OK, this should be ready for David's proper review - it introduces the extra
CertStatus (I opted for the lazy-path of using the high-high bits of CertStatus,
although extending it to 64-bit || coming up with a better HTTP-cache-expiration
strategy was also something I'd like to explore independently in the future)
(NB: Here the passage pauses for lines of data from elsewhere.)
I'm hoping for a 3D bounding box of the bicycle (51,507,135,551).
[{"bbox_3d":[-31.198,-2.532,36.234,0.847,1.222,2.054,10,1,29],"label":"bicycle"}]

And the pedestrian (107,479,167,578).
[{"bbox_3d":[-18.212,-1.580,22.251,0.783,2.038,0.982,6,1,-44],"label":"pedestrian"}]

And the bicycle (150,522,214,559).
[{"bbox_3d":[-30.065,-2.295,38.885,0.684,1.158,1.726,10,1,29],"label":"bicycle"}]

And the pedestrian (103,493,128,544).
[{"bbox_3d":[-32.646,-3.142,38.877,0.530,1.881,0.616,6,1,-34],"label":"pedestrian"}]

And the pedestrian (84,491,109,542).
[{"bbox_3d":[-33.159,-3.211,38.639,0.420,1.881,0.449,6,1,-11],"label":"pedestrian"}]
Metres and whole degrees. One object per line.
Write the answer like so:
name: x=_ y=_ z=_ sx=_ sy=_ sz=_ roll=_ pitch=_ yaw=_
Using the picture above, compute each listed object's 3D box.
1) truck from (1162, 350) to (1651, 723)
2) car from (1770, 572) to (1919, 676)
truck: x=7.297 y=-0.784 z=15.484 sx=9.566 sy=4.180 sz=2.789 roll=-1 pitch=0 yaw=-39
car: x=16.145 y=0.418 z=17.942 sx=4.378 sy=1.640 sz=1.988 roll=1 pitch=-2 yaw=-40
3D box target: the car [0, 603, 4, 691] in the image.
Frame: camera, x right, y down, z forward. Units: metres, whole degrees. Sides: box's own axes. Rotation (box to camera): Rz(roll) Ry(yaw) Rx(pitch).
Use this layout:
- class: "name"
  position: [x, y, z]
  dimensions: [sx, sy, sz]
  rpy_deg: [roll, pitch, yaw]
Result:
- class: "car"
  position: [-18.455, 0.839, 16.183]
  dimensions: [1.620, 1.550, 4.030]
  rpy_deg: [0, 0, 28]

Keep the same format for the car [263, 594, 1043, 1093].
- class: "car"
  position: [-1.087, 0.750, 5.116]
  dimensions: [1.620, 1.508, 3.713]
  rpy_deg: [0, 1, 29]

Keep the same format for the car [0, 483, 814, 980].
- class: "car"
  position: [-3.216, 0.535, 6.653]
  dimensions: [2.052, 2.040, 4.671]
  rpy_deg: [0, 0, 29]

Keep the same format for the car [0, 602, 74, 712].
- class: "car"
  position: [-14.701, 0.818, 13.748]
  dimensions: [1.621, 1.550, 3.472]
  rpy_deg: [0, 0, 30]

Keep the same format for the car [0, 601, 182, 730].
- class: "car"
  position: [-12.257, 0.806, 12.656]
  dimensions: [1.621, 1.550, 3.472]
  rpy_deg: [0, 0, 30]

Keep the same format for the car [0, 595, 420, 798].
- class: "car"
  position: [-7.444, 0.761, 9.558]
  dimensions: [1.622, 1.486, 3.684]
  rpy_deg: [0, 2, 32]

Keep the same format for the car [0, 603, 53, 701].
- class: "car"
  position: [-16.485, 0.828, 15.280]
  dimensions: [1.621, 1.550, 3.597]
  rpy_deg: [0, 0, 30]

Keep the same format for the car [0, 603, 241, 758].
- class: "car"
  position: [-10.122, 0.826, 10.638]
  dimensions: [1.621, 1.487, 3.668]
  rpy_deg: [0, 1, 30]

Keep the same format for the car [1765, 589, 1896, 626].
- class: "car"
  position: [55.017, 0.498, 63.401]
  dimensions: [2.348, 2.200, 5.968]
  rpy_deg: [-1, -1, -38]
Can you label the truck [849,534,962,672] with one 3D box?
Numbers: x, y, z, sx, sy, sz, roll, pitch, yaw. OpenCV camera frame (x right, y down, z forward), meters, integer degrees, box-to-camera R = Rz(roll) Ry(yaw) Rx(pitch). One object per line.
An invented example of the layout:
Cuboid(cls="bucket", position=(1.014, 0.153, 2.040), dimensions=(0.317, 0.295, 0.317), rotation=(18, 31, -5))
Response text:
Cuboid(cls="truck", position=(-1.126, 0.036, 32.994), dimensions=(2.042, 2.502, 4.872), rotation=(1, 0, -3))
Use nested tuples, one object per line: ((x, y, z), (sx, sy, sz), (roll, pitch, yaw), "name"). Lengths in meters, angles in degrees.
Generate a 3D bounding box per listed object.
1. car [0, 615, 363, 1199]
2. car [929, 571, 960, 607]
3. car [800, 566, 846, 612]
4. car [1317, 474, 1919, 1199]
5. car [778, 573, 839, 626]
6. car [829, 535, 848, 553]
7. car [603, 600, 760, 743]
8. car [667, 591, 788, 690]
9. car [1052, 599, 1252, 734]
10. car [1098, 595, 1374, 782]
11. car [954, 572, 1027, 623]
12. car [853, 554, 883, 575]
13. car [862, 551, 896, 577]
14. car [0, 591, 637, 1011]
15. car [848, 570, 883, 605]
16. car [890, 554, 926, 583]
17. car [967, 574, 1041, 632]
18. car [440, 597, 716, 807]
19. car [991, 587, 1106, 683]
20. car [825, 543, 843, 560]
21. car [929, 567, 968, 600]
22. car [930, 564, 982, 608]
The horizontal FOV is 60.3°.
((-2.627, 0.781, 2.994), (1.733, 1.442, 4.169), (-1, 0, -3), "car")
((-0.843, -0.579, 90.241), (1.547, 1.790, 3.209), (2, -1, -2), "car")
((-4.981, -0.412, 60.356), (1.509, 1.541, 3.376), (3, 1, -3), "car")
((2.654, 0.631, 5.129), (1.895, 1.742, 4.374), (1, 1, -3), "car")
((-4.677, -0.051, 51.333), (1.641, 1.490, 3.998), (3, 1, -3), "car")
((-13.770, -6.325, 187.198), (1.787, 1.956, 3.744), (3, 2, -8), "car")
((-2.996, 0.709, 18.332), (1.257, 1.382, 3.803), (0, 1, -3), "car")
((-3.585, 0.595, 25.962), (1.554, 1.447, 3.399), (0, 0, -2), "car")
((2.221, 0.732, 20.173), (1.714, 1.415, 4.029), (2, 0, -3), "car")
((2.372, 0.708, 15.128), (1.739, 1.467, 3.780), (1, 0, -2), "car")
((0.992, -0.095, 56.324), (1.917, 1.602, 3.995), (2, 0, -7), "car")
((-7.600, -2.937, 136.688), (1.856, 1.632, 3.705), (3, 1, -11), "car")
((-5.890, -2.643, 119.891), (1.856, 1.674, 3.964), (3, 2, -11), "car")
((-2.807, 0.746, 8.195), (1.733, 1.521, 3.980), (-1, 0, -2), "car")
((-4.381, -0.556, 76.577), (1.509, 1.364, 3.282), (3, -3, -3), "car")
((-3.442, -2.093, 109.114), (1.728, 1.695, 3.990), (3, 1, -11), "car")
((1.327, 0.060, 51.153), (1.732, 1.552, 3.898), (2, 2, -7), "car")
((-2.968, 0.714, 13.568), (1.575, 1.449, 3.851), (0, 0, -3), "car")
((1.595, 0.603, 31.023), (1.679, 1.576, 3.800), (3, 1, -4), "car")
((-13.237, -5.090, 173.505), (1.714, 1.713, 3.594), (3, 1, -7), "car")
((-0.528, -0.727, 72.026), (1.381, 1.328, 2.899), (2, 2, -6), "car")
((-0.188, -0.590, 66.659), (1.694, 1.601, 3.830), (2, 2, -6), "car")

https://codereview.chromium.org/2076363002/diff/40001/net/socket/ssl_client_s...
File net/socket/ssl_client_socket_impl.cc (right):

https://codereview.chromium.org/2076363002/diff/40001/net/socket/ssl_client_s...
net/socket/ssl_client_socket_impl.cc:1823: if
(ct_verify_result_.cert_policy_compliance !=
I know moving around can be a pain, sorry about that. This is the only new
code/change in this section.

[davidben, 2016-06-22 21:44:59]

https://codereview.chromium.org/2076363002/diff/60001/net/http/transport_secu...
File net/http/transport_security_state.h (right):

https://codereview.chromium.org/2076363002/diff/60001/net/http/transport_secu...
net/http/transport_security_state.h:75: DEFAULT,
To confirm, the reason DEFAULT is a notion is because TSS will have internal
logic? Is the intent that Expect-CT and Symantec bits be implemented in TSS and
the admin policy bits be in the delegate?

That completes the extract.